Also in today's EMEA regional roundup: Tele2 Austria goes mobile; M-Pesa mobile money transfer connects Tanzania and Kenya; UK smart meters plan faltering.
Is the European Commission about to get tougher on proposed telecom mergers and acquisitions? That's the scenario being raised by the Financial Times, following an interview with Europe's new antitrust chief, Margrethe Vestager. "I have one interest and that is to make sure that European consumers -- that being citizens or businesses -- can enjoy relatively innovative markets at affordable prices," Vestager told the newspaper, suggesting that she suspects some of the mergers currently grinding through the regulatory mill in Europe, such as Hutchison Whampoa Ltd. (Hong Kong: 0013; Pink Sheets: HUWHY)'s acquisition of Telefónica UK Ltd. (O2), could result in higher prices for consumers. (See Hutchison's Wind of Change.)
Tele2 Austria has added a mobile string to its bow, providing nationwide coverage for the enterprise market via an MVNO. Tele2 Austria previously offered fixed-line broadband, TV and voice.
Vodafone Group plc (NYSE: VOD) has extended its M-Pesa mobile money transfer and payment service to cover transactions between Tanzania and Kenya.
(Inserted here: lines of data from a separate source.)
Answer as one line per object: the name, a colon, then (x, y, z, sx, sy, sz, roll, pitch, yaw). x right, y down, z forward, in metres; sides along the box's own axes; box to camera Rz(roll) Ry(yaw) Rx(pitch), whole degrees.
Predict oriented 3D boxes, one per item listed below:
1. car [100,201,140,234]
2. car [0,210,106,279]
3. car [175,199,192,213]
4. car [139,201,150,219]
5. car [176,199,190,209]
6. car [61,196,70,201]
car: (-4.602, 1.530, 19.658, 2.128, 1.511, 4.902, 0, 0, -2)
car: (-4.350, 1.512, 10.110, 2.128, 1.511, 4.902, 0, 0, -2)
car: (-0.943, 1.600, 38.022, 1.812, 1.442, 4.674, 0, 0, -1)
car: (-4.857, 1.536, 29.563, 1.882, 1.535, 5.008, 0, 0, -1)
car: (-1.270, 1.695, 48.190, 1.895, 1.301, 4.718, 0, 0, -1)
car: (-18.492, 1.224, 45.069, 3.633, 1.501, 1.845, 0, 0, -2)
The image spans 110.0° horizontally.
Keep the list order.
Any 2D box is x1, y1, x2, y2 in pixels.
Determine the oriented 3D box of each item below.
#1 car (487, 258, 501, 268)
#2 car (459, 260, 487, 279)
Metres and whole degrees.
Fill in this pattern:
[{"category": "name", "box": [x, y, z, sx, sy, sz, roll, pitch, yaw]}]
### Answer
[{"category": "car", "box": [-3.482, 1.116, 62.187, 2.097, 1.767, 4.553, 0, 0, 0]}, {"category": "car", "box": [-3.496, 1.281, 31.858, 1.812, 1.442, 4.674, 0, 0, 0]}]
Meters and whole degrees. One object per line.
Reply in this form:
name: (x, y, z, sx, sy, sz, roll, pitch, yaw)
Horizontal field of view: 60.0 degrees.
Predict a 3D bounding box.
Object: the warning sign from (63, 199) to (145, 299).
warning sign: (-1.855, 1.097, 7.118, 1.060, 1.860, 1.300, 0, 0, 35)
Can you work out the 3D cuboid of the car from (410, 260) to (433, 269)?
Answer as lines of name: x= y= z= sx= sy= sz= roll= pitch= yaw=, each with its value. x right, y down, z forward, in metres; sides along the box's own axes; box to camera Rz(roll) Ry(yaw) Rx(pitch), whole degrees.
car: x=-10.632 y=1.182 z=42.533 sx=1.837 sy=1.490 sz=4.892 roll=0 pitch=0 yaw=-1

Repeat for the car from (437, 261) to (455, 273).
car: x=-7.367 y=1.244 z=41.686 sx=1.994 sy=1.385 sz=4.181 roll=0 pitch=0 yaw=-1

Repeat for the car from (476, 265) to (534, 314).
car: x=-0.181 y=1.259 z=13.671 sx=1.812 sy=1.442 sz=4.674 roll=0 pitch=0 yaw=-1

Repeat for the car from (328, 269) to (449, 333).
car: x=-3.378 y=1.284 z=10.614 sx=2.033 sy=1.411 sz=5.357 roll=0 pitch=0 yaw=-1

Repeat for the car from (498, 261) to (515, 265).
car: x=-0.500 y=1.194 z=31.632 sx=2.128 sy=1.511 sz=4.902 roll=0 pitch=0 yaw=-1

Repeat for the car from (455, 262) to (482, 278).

Traditionally, the commission on money transfers between the two countries could be as high as 30%, whereas the M-Pesa commission on a $50 transfer would be around 1% of the transaction, plus a foreign exchange fee. (See Vodafone Takes M-Pesa Payments Cross-Border .)
The UK government's plans to have smart meters installed in every British home by 2020 are beginning to look a little ambitious, reports the BBC, as "technical, logistical and public communication issues" threaten to throw the project off the rails. A group of MPs dealing with the issue has told the government that time is running out and that, in a nutshell, they need to get a grip.